## YOUR ASSIGNMENT:
Report every line of the data that includes "figures".

## INFORMATION SHOWN:

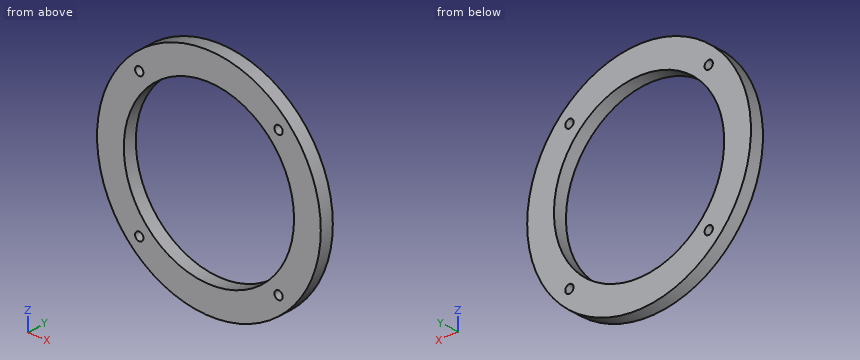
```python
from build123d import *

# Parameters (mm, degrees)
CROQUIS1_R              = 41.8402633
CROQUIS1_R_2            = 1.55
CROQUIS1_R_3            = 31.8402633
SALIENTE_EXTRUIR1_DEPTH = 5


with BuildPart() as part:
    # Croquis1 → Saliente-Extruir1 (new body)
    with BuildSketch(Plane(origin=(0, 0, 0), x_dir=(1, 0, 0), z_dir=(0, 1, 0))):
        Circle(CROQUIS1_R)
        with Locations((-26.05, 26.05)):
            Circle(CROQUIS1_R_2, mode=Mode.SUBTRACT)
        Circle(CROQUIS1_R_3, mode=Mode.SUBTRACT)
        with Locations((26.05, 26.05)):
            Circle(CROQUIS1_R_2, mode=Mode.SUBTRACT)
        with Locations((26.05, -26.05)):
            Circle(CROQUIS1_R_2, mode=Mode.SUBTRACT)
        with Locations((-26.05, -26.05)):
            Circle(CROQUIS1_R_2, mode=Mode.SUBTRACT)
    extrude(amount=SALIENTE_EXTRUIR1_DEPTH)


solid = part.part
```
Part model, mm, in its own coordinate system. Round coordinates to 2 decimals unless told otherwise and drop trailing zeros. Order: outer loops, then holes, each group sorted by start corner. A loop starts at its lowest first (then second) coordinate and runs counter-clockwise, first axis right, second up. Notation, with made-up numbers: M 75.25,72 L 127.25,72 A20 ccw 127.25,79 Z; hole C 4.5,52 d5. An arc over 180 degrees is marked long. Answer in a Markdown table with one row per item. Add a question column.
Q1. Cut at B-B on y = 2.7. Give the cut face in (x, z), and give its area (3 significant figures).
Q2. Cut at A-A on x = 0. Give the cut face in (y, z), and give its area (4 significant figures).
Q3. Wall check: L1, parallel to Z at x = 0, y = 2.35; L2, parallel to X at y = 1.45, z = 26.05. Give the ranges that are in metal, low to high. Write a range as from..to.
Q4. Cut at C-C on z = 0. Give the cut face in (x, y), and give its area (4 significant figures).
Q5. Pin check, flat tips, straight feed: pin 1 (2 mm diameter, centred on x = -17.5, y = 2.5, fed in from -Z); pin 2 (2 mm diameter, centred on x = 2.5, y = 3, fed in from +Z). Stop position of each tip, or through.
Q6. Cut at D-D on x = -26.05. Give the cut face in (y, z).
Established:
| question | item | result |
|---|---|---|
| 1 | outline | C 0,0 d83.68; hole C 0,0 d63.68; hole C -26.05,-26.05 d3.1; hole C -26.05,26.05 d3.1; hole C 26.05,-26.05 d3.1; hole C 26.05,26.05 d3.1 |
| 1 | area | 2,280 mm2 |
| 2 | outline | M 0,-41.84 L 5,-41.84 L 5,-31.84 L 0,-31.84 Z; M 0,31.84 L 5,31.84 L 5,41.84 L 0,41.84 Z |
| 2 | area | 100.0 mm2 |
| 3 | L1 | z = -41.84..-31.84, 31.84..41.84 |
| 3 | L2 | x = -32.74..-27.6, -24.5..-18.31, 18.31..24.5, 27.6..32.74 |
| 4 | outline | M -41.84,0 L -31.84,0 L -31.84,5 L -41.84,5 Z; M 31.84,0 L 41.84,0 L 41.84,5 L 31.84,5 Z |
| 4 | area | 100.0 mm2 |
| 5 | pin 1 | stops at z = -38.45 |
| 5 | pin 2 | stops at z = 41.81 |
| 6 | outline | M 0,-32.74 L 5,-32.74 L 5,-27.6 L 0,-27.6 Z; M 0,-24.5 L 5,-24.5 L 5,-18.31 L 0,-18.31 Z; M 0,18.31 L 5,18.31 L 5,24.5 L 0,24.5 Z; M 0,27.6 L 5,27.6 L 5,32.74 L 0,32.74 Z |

...

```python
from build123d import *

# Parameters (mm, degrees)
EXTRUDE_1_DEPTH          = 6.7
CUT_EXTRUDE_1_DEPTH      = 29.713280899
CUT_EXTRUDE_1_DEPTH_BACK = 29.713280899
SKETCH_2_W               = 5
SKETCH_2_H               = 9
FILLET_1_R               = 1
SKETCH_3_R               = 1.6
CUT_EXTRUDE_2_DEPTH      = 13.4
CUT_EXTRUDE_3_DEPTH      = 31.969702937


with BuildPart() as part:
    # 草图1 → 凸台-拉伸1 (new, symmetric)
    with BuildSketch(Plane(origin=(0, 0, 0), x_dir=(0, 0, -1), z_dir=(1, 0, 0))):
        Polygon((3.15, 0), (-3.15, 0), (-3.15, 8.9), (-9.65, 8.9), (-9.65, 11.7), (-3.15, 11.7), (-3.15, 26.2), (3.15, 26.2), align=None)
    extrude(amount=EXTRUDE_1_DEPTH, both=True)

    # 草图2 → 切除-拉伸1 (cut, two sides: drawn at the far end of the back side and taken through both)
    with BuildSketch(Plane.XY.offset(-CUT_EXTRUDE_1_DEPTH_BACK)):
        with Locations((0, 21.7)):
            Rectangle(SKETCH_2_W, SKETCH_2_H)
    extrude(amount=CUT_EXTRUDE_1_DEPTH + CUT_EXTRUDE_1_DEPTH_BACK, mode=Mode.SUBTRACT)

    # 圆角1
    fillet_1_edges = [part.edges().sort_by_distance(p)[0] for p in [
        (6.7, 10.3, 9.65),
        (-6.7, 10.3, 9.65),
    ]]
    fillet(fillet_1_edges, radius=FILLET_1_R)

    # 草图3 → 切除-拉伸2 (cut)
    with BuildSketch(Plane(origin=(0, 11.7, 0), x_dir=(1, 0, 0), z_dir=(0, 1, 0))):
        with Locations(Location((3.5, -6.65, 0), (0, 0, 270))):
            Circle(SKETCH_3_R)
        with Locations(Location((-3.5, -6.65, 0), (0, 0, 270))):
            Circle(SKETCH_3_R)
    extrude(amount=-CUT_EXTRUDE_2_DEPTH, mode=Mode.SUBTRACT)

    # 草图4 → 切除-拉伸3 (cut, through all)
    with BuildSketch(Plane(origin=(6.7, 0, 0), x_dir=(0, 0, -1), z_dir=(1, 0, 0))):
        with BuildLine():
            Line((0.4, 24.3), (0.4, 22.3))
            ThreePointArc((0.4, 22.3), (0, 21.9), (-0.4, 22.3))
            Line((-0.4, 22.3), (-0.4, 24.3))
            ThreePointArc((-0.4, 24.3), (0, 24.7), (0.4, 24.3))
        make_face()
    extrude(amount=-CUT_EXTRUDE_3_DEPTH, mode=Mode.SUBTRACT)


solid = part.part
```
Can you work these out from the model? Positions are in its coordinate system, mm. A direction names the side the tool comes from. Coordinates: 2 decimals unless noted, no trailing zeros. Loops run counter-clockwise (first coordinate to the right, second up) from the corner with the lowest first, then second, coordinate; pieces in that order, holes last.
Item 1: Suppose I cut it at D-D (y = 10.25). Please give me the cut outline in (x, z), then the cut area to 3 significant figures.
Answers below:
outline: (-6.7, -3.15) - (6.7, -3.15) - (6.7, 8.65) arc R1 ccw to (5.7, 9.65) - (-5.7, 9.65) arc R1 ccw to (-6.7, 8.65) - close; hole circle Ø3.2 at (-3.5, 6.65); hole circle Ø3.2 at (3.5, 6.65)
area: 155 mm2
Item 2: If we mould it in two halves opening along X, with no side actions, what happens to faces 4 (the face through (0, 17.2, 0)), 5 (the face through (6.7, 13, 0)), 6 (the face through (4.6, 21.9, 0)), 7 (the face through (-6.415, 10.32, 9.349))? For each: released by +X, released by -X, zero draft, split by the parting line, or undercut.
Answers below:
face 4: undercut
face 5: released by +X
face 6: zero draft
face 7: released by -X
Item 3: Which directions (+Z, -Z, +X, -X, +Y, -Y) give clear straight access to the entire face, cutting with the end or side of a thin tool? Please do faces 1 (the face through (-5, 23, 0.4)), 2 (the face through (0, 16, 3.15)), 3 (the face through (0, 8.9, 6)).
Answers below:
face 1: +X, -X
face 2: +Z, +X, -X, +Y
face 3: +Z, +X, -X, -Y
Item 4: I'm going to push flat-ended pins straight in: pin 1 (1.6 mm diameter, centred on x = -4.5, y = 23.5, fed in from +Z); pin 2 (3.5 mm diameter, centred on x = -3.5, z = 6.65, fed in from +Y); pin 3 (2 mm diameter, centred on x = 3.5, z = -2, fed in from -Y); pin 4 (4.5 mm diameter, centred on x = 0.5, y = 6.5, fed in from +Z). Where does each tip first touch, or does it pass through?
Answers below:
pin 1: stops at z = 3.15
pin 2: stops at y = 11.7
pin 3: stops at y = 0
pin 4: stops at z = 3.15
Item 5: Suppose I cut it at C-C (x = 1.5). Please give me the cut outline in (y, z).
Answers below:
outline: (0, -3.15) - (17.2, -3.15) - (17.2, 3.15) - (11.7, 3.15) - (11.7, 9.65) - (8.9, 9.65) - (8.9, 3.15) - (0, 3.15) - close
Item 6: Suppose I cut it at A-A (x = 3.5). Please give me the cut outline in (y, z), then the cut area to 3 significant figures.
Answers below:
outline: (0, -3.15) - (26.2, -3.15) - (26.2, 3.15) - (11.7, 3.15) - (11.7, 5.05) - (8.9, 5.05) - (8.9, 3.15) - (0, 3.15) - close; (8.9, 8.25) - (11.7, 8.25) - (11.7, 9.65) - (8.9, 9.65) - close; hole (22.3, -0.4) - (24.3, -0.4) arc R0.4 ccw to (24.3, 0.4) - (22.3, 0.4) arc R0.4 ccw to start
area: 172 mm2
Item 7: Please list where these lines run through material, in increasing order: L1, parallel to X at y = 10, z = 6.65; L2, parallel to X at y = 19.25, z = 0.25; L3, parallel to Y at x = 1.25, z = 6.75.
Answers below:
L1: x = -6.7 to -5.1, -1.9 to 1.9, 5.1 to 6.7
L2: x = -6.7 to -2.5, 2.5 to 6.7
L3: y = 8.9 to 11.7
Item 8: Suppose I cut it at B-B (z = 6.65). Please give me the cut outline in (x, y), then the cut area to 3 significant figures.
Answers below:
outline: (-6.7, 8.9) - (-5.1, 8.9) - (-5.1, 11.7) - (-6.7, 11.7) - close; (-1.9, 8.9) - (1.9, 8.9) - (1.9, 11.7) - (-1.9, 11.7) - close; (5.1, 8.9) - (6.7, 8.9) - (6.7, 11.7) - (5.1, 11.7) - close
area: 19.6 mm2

## FINISHED EXERCISE:
Q1. Cut at B-B on y = 2.7. Give the cut face in (x, z), and give its area (3 significant figures).
Q2. Cut at A-A on x = 0. Give the cut face in (y, z), and give its area (4 significant figures).
Q4. Cut at C-C on z = 0. Give the cut face in (x, y), and give its area (4 significant figures).
Item 1: Suppose I cut it at D-D (y = 10.25). Please give me the cut outline in (x, z), then the cut area to 3 significant figures.
Item 6: Suppose I cut it at A-A (x = 3.5). Please give me the cut outline in (y, z), then the cut area to 3 significant figures.
Item 8: Suppose I cut it at B-B (z = 6.65). Please give me the cut outline in (x, y), then the cut area to 3 significant figures.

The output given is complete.